It is striking how British Boston-based Aberdeen City sounds. Singer/bassist Bradley Parker’s emotive vocals, the icy guitar riffs and the geek rock persona all conjur up thoughts of English, not American, acts. Freezing Atlantic, Aberdeen City’s debut album, is a call to arms for better indie rock in the States. Don’t get me wrong, there are plenty of great indie acts here: Sufjan Stevens, Death Cab (still count as indie), and Iron and Wine are just a few. But much of American indie music tends to a lighter, more folksy slant. Yes, there are plenty of punk and emo bands tearing up the Stars and Stripes, but I’m talking about that middle ground between acoustic and angst.

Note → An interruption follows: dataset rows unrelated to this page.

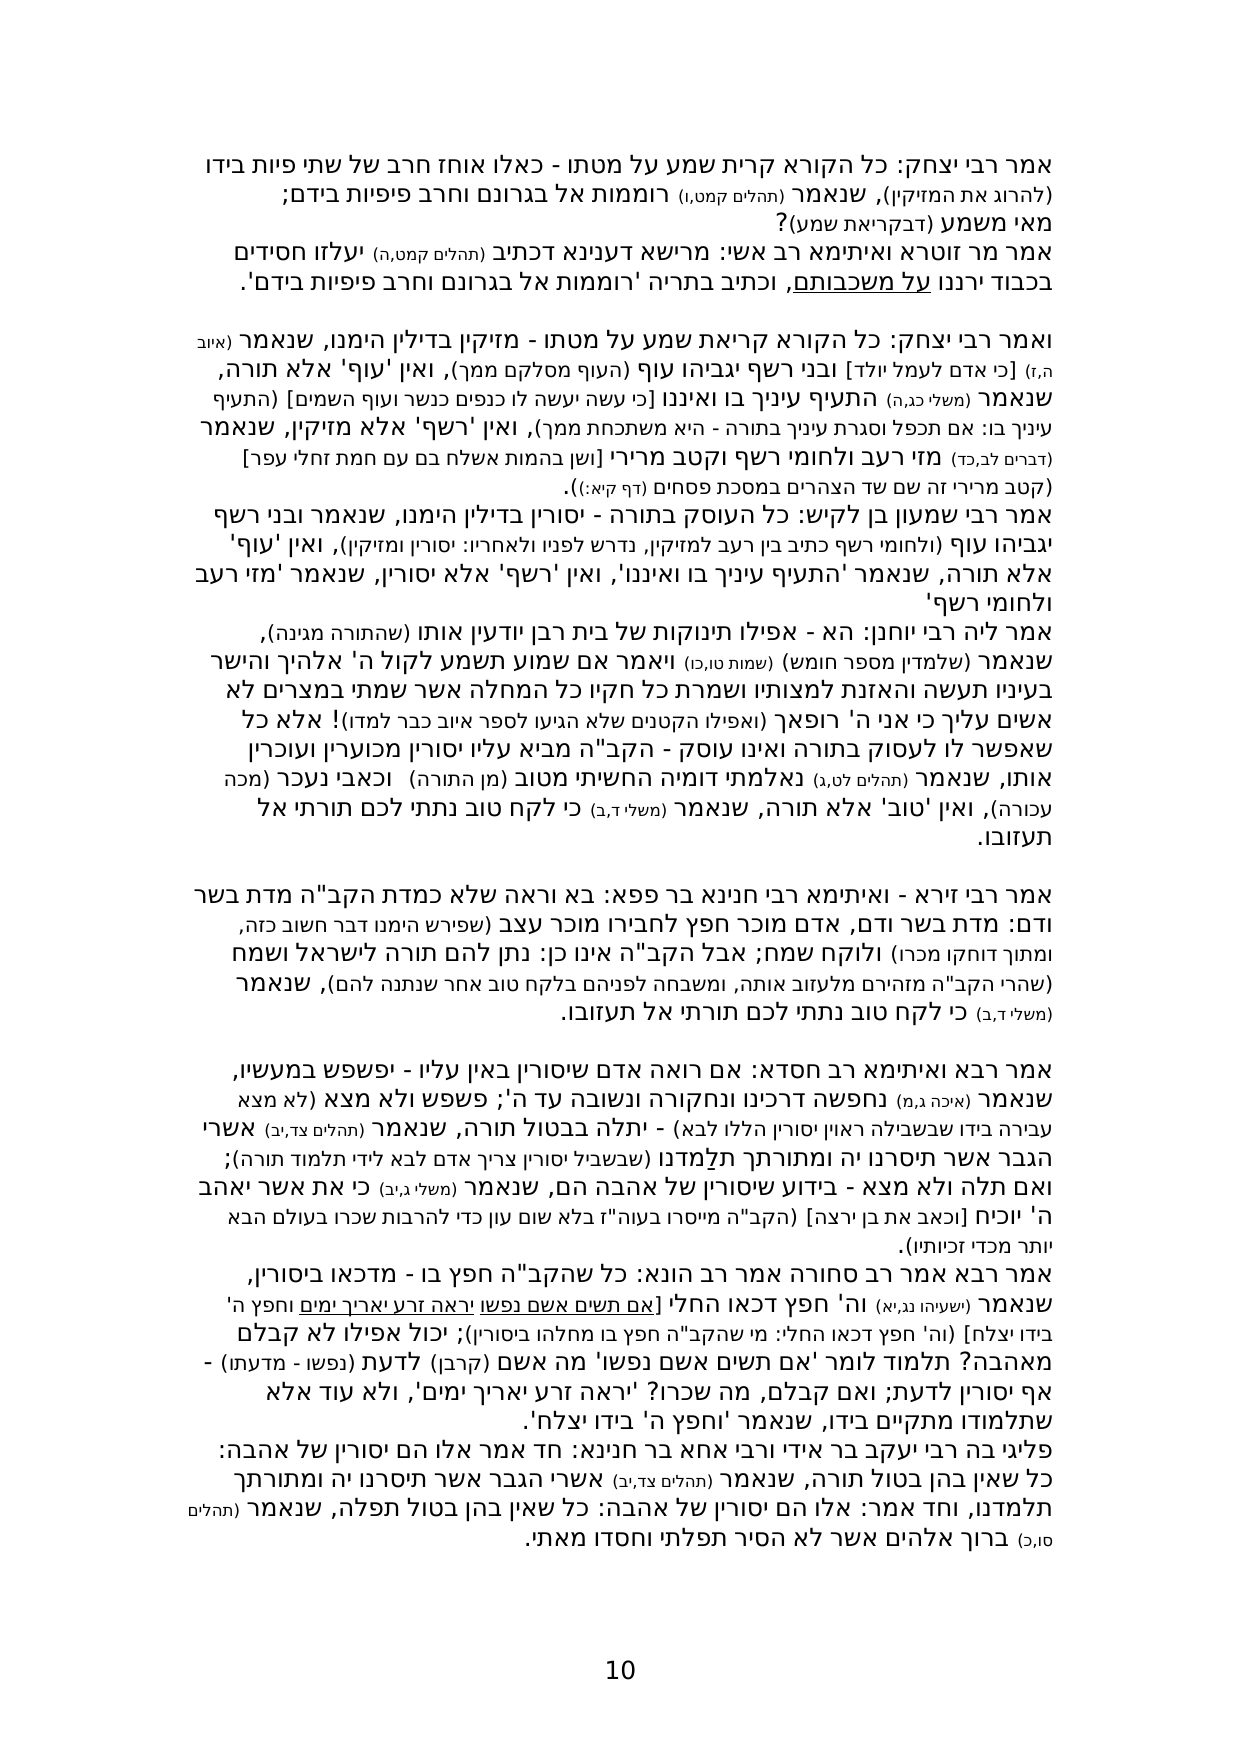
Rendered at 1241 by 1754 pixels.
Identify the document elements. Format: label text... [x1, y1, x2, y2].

text אמר רבא אמר רב סחורה אמר רב הונא: כל שהקב"ה חפץ בו - מדכאו ביסורין, שנאמר (ישעיהו נג,יא) וה' חפץ דכאו החלי [אם תשים אשם נפשו יראה זרע יאריך ימים וחפץ ה' בידו יצלח] (וה' חפץ דכאו החלי: מי שהקב"ה חפץ בו מחלהו ביסורין); יכול אפילו לא קבלם מאהבה? תלמוד לומר 'אם תשים אשם נפשו' מה אשם (קרבן) לדעת (נפשו - מדעתו) - אף יסורין לדעת; ואם קבלם, מה שכרו? 'יראה זרע יאריך ימים', ולא עוד אלא שתלמודו מתקיים בידו, שנאמר 'וחפץ ה' בידו יצלח'. [187, 1259, 1053, 1435]
text אמר רבי שמעון בן לקיש: כל העוסק בתורה - יסורין בדילין הימנו, שנאמר ובני רשף יגביהו עוף (ולחומי רשף כתיב בין רעב למזיקין, נדרש לפניו ולאחריו: יסורין ומזיקין), ואין 'עוף' אלא תורה, שנאמר 'התעיף עיניך בו ואיננו', ואין 'רשף' אלא יסורין, שנאמר 'מזי רעב ולחומי רשף' [187, 500, 1053, 617]
text אמר ליה רבי יוחנן: הא - אפילו תינוקות של בית רבן יודעין אותו (שהתורה מגינה), שנאמר (שלמדין מספר חומש) (שמות טו,כו) ויאמר אם שמוע תשמע לקול ה' אלהיך והישר בעיניו תעשה והאזנת למצותיו ושמרת כל חקיו כל המחלה אשר שמתי במצרים לא אשים עליך כי אני ה' רופאך (ואפילו הקטנים שלא הגיעו לספר איוב כבר למדו)! אלא כל שאפשר לו לעסוק בתורה ואינו עוסק - הקב"ה מביא עליו יסורין מכוערין ועוכרין אותו, שנאמר (תהלים לט,ג) נאלמתי דומיה החשיתי מטוב (מן התורה) וכאבי נעכר (מכה עכורה), ואין 'טוב' אלא תורה, שנאמר (משלי ד,ב) כי לקח טוב נתתי לכם תורתי אל תעזובו. [187, 617, 1053, 851]
text אמר רבי זירא - ואיתימא רבי חנינא בר פפא: בא וראה שלא כמדת הקב"ה מדת בשר ודם: מדת בשר ודם, אדם מוכר חפץ לחבירו מוכר עצב (שפירש הימנו דבר חשוב כזה, ומתוך דוחקו מכרו) ולוקח שמח; אבל הקב"ה אינו כן: נתן להם תורה לישראל ושמח (שהרי הקב"ה מזהירם מלעזוב אותה, ומשבחה לפניהם בלקח טוב אחר שנתנה להם), שנאמר (משלי ד,ב) כי לקח טוב נתתי לכם תורתי אל תעזובו. [187, 880, 1053, 1026]
text פליגי בה רבי יעקב בר אידי ורבי אחא בר חנינא: חד אמר אלו הם יסורין של אהבה: כל שאין בהן בטול תורה, שנאמר (תהלים צד,יב) אשרי הגבר אשר תיסרנו יה ומתורתך תלמדנו, וחד אמר: אלו הם יסורין של אהבה: כל שאין בהן בטול תפלה, שנאמר (תהלים סו,כ) ברוך אלהים אשר לא הסיר תפלתי וחסדו מאתי. [187, 1435, 1053, 1552]
text אמר רבא ואיתימא רב חסדא: אם רואה אדם שיסורין באין עליו - יפשפש במעשיו, שנאמר (איכה ג,מ) נחפשה דרכינו ונחקורה ונשובה עד ה'; פשפש ולא מצא (לא מצא עבירה בידו שבשבילה ראוין יסורין הללו לבא) - יתלה בבטול תורה, שנאמר (תהלים צד,יב) אשרי הגבר אשר תיסרנו יה ומתורתך תלַמדנו (שבשביל יסורין צריך אדם לבא לידי תלמוד תורה); ואם תלה ולא מצא - בידוע שיסורין של אהבה הם, שנאמר (משלי ג,יב) כי את אשר יאהב ה' יוכיח [וכאב את בן ירצה] (הקב"ה מייסרו בעוה"ז בלא שום עון כדי להרבות שכרו בעולם הבא יותר מכדי זכיותיו). [187, 1055, 1053, 1259]
text ואמר רבי יצחק: כל הקורא קריאת שמע על מטתו - מזיקין בדילין הימנו, שנאמר (איוב ה,ז) [כי אדם לעמל יולד] ובני רשף יגביהו עוף (העוף מסלקם ממך), ואין 'עוף' אלא תורה, שנאמר (משלי כג,ה) התעיף עיניך בו ואיננו [כי עשה יעשה לו כנפים כנשר ועוף השמים] (התעיף עיניך בו: אם תכפל וסגרת עיניך בתורה - היא משתכחת ממך), ואין 'רשף' אלא מזיקין, שנאמר (דברים לב,כד) מזי רעב ולחומי רשף וקטב מרירי [ושן בהמות אשלח בם עם חמת זחלי עפר] (קטב מרירי זה שם שד הצהרים במסכת פסחים (דף קיא:)). [187, 325, 1053, 500]
text אמר מר זוטרא ואיתימא רב אשי: מרישא דענינא דכתיב (תהלים קמט,ה) יעלזו חסידים בכבוד ירננו על משכבותם, וכתיב בתריה 'רוממות אל בגרונם וחרב פיפיות בידם'. [187, 238, 1053, 296]
text מאי משמע (דבקריאת שמע)? [187, 208, 1053, 238]
text אמר רבי יצחק: כל הקורא קרית שמע על מטתו - כאלו אוחז חרב של שתי פיות בידו (להרוג את המזיקין), שנאמר (תהלים קמט,ו) רוממות אל בגרונם וחרב פיפיות בידם; [187, 150, 1053, 208]

Enter Aberdeen City. A four piece that, despite their serious attitude toward making music, don’t seem to take themselves very seriously. The bio on their webpage tells us that lead singer Brad Parker, “built a sensory deprivation chamber in his parents’ attic. After spending a week inside, Bradley emerged filled with incredible insights.”
Ok. A humorous group of guys from New England looking to share their tunes with the masses? I’m interested.

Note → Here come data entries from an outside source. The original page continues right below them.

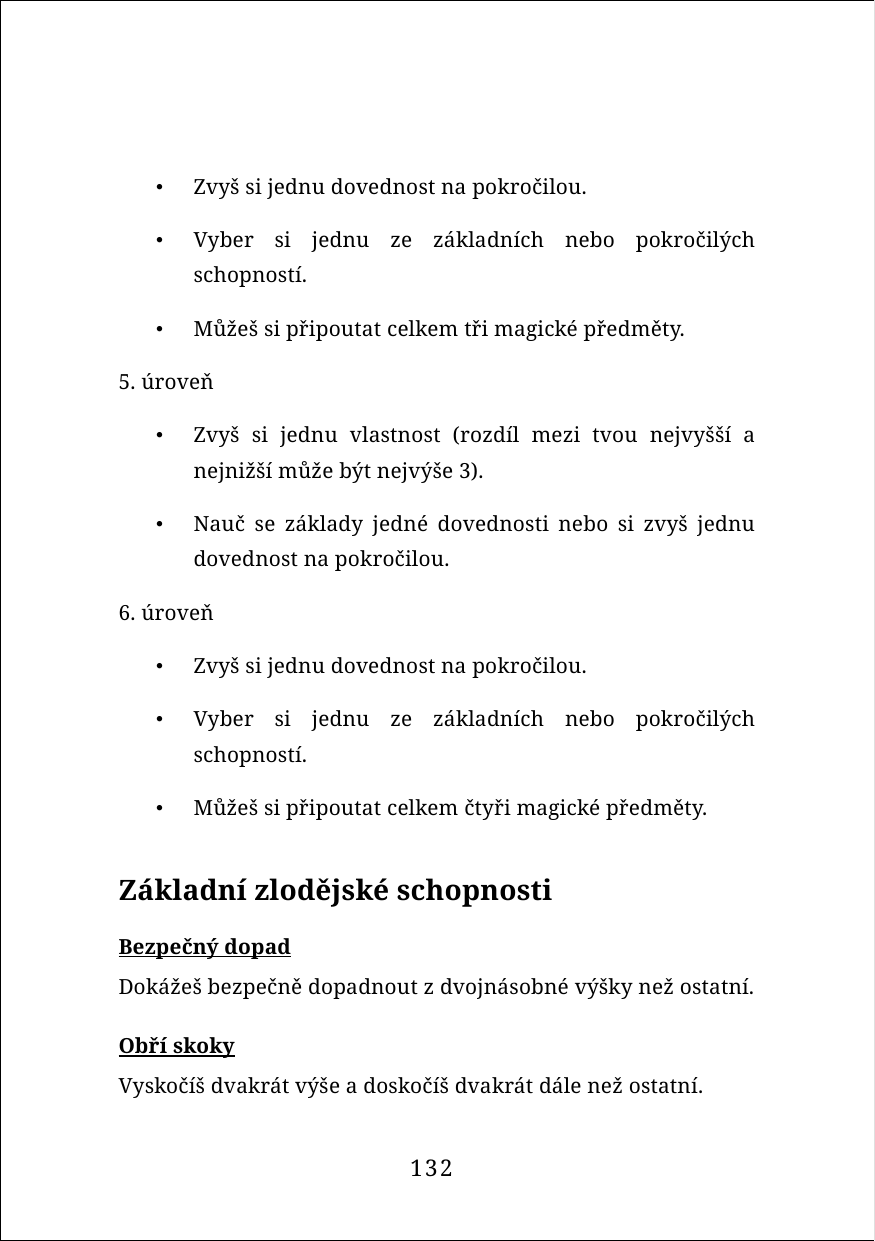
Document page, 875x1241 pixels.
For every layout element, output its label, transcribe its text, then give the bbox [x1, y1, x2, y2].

list Zvyš si jednu vlastnost (rozdíl mezi tvou nejvyšší a nejnižší může být nejvýše 3). [156, 420, 756, 484]
text Vyskočíš dvakrát výše a doskočíš dvakrát dále než ostatní. [118, 1071, 756, 1100]
subtitle Bezpečný dopad [118, 932, 756, 960]
list Zvyš si jednu dovednost na pokročilou. [156, 651, 756, 679]
list Můžeš si připoutat celkem čtyři magické předměty. [156, 793, 756, 821]
text Dokážeš bezpečně dopadnout z dvojnásobné výšky než ostatní. [118, 972, 756, 1000]
list Vyber si jednu ze základních nebo pokročilých schopností. [156, 225, 756, 289]
subtitle Obří skoky [118, 1031, 756, 1059]
list Nauč se základy jedné dovednosti nebo si zvyš jednu dovednost na pokročilou. [156, 509, 756, 573]
list Zvyš si jednu dovednost na pokročilou. [156, 172, 756, 200]
list Můžeš si připoutat celkem tři magické předměty. [156, 314, 756, 342]
text 5. úroveň [118, 367, 756, 395]
list Vyber si jednu ze základních nebo pokročilých schopností. [156, 704, 756, 768]
text 6. úroveň [118, 598, 756, 626]
subtitle Základní zlodějské schopnosti [118, 870, 756, 908]

Described by Alternative Press as “what it would sound like if the Strokes and Interpol had a love child”. I don’t think I could explain it any better than that. The songs on The Freezing Atlantic range from energetic post-punk anthems to slower, more introspective songs. The album speaks to a range of creative ability that few bands are hanging their hats on these days. There are a couple of tremendous stand out songs on the album, specifically album anchor “God Is Going To Get Sick Of Me”, the cryptic lyrics of “In Combat” and “Another Seven Years”, and the controlled aggression of “Sixty Lives”.

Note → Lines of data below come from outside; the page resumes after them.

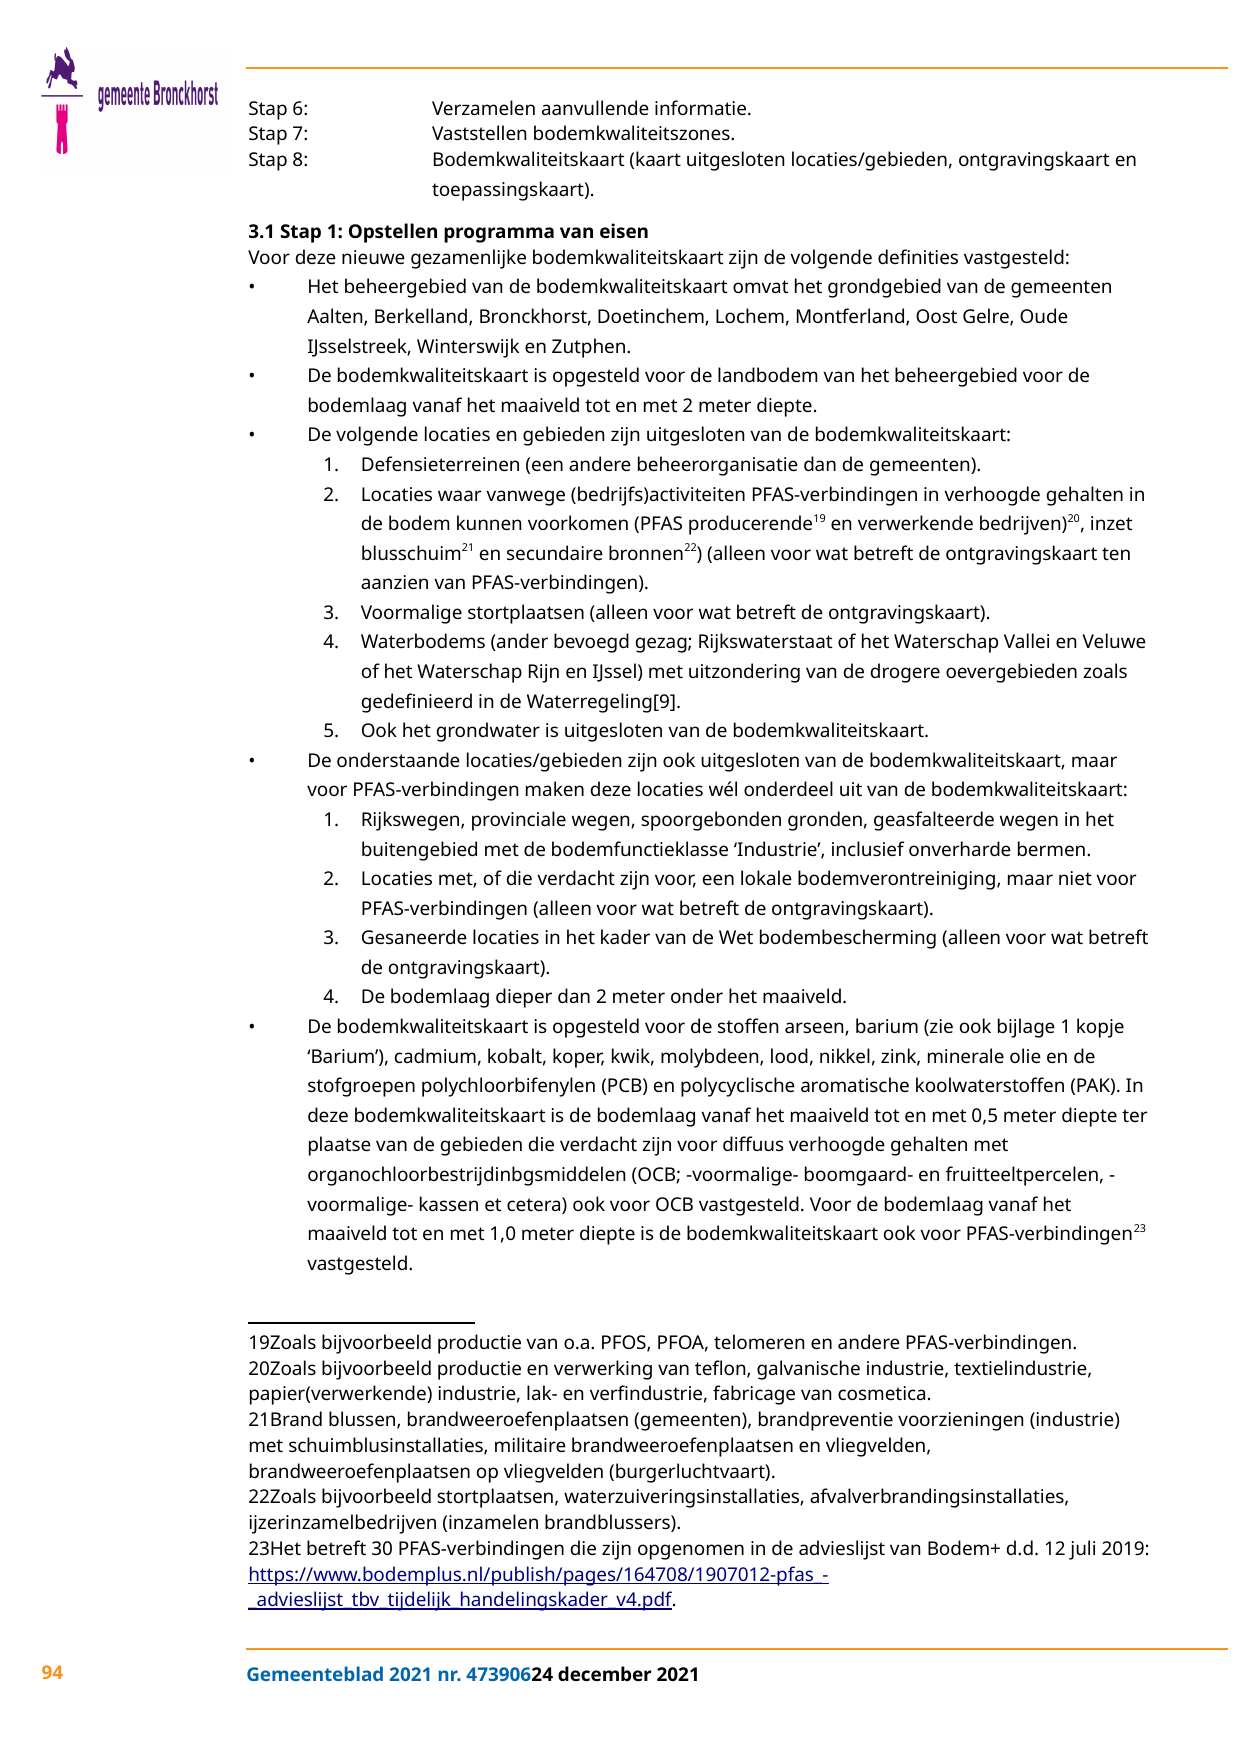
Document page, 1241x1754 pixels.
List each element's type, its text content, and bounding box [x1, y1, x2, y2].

list Het beheergebied van de bodemkwaliteitskaart omvat het grondgebied van de gemeenten Aalten, Berkelland, Bronckhorst, Doetinchem, Lochem, Montferland, Oost Gelre, Oude IJsselstreek, Winterswijk en Zutphen. [248, 274, 1152, 358]
table_cell Stap 6: [248, 95, 432, 121]
list Brand blussen, brandweeroefenplaatsen (gemeenten), brandpreventie voorzieningen (industrie) met schuimblusinstallaties, militaire brandweeroefenplaatsen en vliegvelden, brandweeroefenplaatsen op vliegvelden (burgerluchtvaart). [248, 1406, 1152, 1483]
list https://www.bodemplus.nl/publish/pages/164708/1907012-pfas_-_advieslijst_tbv_tijdelijk_handelingskader_v4.pdf. [248, 1561, 1152, 1612]
text 3.1 Stap 1: Opstellen programma van eisen [248, 218, 1152, 244]
table_cell Verzamelen aanvullende informatie. [432, 95, 1152, 121]
table_cell Stap 7: [248, 121, 432, 146]
text Voor deze nieuwe gezamenlijke bodemkwaliteitskaart zijn de volgende definities vastgesteld: [248, 244, 1152, 270]
table_cell Bodemkwaliteitskaart (kaart uitgesloten locaties/gebieden, ontgravingskaart en toepassingskaart). [432, 146, 1152, 202]
list De bodemlaag dieper dan 2 meter onder het maaiveld. [323, 984, 1152, 1009]
table_cell Stap 8: [248, 146, 432, 202]
list Defensieterreinen (een andere beheerorganisatie dan de gemeenten). [323, 451, 1152, 477]
list De onderstaande locaties/gebieden zijn ook uitgesloten van de bodemkwaliteitskaart, maar voor PFAS-verbindingen maken deze locaties wél onderdeel uit van de bodemkwaliteitskaart: [248, 747, 1152, 802]
list Waterbodems (ander bevoegd gezag; Rijkswaterstaat of het Waterschap Vallei en Veluwe of het Waterschap Rijn en IJssel) met uitzondering van de drogere oevergebieden zoals gedefinieerd in de Waterregeling[9]. [323, 629, 1152, 713]
list Ook het grondwater is uitgesloten van de bodemkwaliteitskaart. [323, 717, 1152, 743]
list Locaties waar vanwege (bedrijfs)activiteiten PFAS-verbindingen in verhoogde gehalten in de bodem kunnen voorkomen (PFAS producerende en verwerkende bedrijven), inzet blusschuim en secundaire bronnen) (alleen voor wat betreft de ontgravingskaart ten aanzien van PFAS-verbindingen). [323, 481, 1152, 595]
list Gesaneerde locaties in het kader van de Wet bodembescherming (alleen voor wat betreft de ontgravingskaart). [323, 924, 1152, 980]
list Zoals bijvoorbeeld productie van o.a. PFOS, PFOA, telomeren en andere PFAS-verbindingen. [248, 1329, 1152, 1355]
table_cell Vaststellen bodemkwaliteitszones. [432, 121, 1152, 146]
list Het betreft 30 PFAS-verbindingen die zijn opgenomen in de advieslijst van Bodem+ d.d. 12 juli 2019: [248, 1535, 1152, 1561]
picture [41, 47, 231, 172]
list De bodemkwaliteitskaart is opgesteld voor de stoffen arseen, barium (zie ook bijlage 1 kopje ‘Barium’), cadmium, kobalt, koper, kwik, molybdeen, lood, nikkel, zink, minerale olie en de stofgroepen polychloorbifenylen (PCB) en polycyclische aromatische koolwaterstoffen (PAK). In deze bodemkwaliteitskaart is de bodemlaag vanaf het maaiveld tot en met 0,5 meter diepte ter plaatse van de gebieden die verdacht zijn voor diffuus verhoogde gehalten met organochloorbestrijdinbgsmiddelen (OCB; -voormalige- boomgaard- en fruitteeltpercelen, -voormalige- kassen et cetera) ook voor OCB vastgesteld. Voor de bodemlaag vanaf het maaiveld tot en met 1,0 meter diepte is de bodemkwaliteitskaart ook voor PFAS-verbindingen vastgesteld. [248, 1013, 1152, 1276]
list Zoals bijvoorbeeld productie en verwerking van teflon, galvanische industrie, textielindustrie, papier(verwerkende) industrie, lak- en verfindustrie, fabricage van cosmetica. [248, 1355, 1152, 1406]
list Voormalige stortplaatsen (alleen voor wat betreft de ontgravingskaart). [323, 599, 1152, 625]
list Rijkswegen, provinciale wegen, spoorgebonden gronden, geasfalteerde wegen in het buitengebied met de bodemfunctieklasse ‘Industrie’, inclusief onverharde bermen. [323, 806, 1152, 861]
list Locaties met, of die verdacht zijn voor, een lokale bodemverontreiniging, maar niet voor PFAS-verbindingen (alleen voor wat betreft de ontgravingskaart). [323, 865, 1152, 921]
list Zoals bijvoorbeeld stortplaatsen, waterzuiveringsinstallaties, afvalverbrandingsinstallaties, ijzerinzamelbedrijven (inzamelen brandblussers). [248, 1483, 1152, 1535]
list De volgende locaties en gebieden zijn uitgesloten van de bodemkwaliteitskaart: [248, 422, 1152, 447]
list De bodemkwaliteitskaart is opgesteld voor de landbodem van het beheergebied voor de bodemlaag vanaf het maaiveld tot en met 2 meter diepte. [248, 362, 1152, 418]

Ok, I just named half of the album. Without even discussing my fondness for the desperation of “Mercy” or the lamentations sung in unison with great ryhtm section work on “Pretty Pet”. It’s one of the few songs on the album where the lyrics are relatively straight forward in terms of getting to the heart of the issue at hand.
Excuse my jingoistic desires for rock equality. But a good band from America is coming to a sweaty club near you a lot sooner than if they play every Academy gig in England first. In fact, Aberdeen City recently came to Philly and they are currently on the West Coast supporting this album. Missing their show at The Khyber in late October is “the one that got away” this fall. But I’ve got an impressive debut to tide me over until they find their way back to the East Coast.